→ **Problem to work on**:
Below are records to reproduce in full; copy them exactly but keep the pictures out.

START Provided data

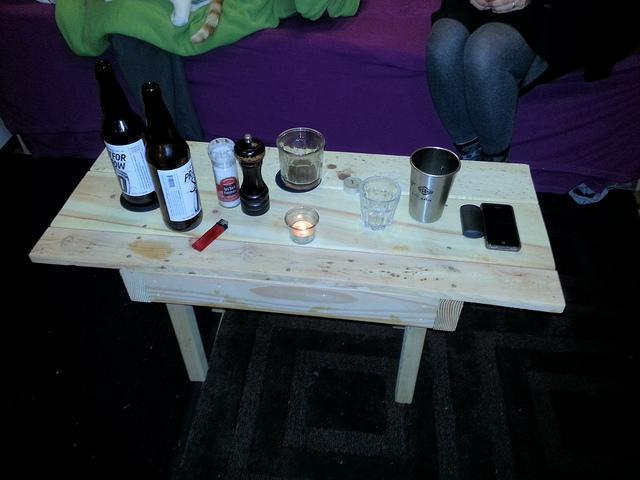How many people can you see?
Give a very brief answer. 2. How many cups are visible?
Give a very brief answer. 2. How many bottles can you see?
Give a very brief answer. 2. 
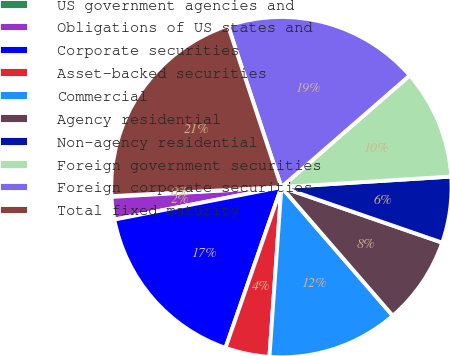Convert chart to OTSL. <chart><loc_0><loc_0><loc_500><loc_500><pie_chart><fcel>US government agencies and<fcel>Obligations of US states and<fcel>Corporate securities<fcel>Asset-backed securities<fcel>Commercial<fcel>Agency residential<fcel>Non-agency residential<fcel>Foreign government securities<fcel>Foreign corporate securities<fcel>Total fixed maturity<nl><fcel>0.07%<fcel>2.14%<fcel>16.62%<fcel>4.21%<fcel>12.48%<fcel>8.35%<fcel>6.28%<fcel>10.41%<fcel>18.69%<fcel>20.76%<nl></chart> 
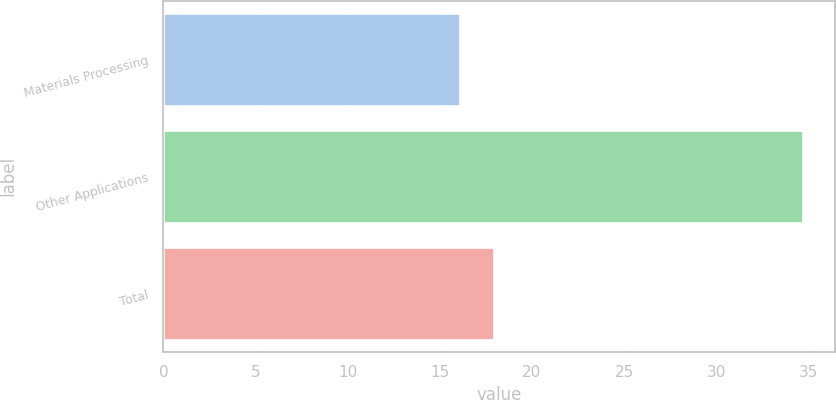Convert chart to OTSL. <chart><loc_0><loc_0><loc_500><loc_500><bar_chart><fcel>Materials Processing<fcel>Other Applications<fcel>Total<nl><fcel>16.1<fcel>34.7<fcel>17.96<nl></chart> 
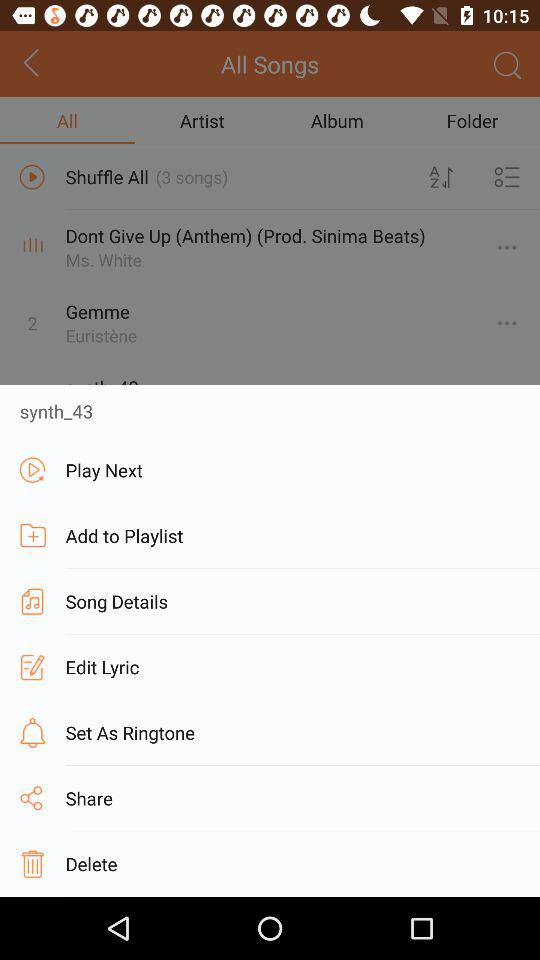How many songs are in "Shuffle All"? There are 3 songs in "Shuffle All".

END Provided data

→ **Completed exercise**:
How many people can you see?
Give a very brief answer. 2. How many cups are visible?
Give a very brief answer. 2. How many bottles can you see?
Give a very brief answer. 2. 
Convert chart to OTSL. <chart><loc_0><loc_0><loc_500><loc_500><pie_chart><fcel>US government agencies and<fcel>Obligations of US states and<fcel>Corporate securities<fcel>Asset-backed securities<fcel>Commercial<fcel>Agency residential<fcel>Non-agency residential<fcel>Foreign government securities<fcel>Foreign corporate securities<fcel>Total fixed maturity<nl><fcel>0.07%<fcel>2.14%<fcel>16.62%<fcel>4.21%<fcel>12.48%<fcel>8.35%<fcel>6.28%<fcel>10.41%<fcel>18.69%<fcel>20.76%<nl></chart> 
Convert chart to OTSL. <chart><loc_0><loc_0><loc_500><loc_500><bar_chart><fcel>Materials Processing<fcel>Other Applications<fcel>Total<nl><fcel>16.1<fcel>34.7<fcel>17.96<nl></chart> 
How many songs are in "Shuffle All"? There are 3 songs in "Shuffle All".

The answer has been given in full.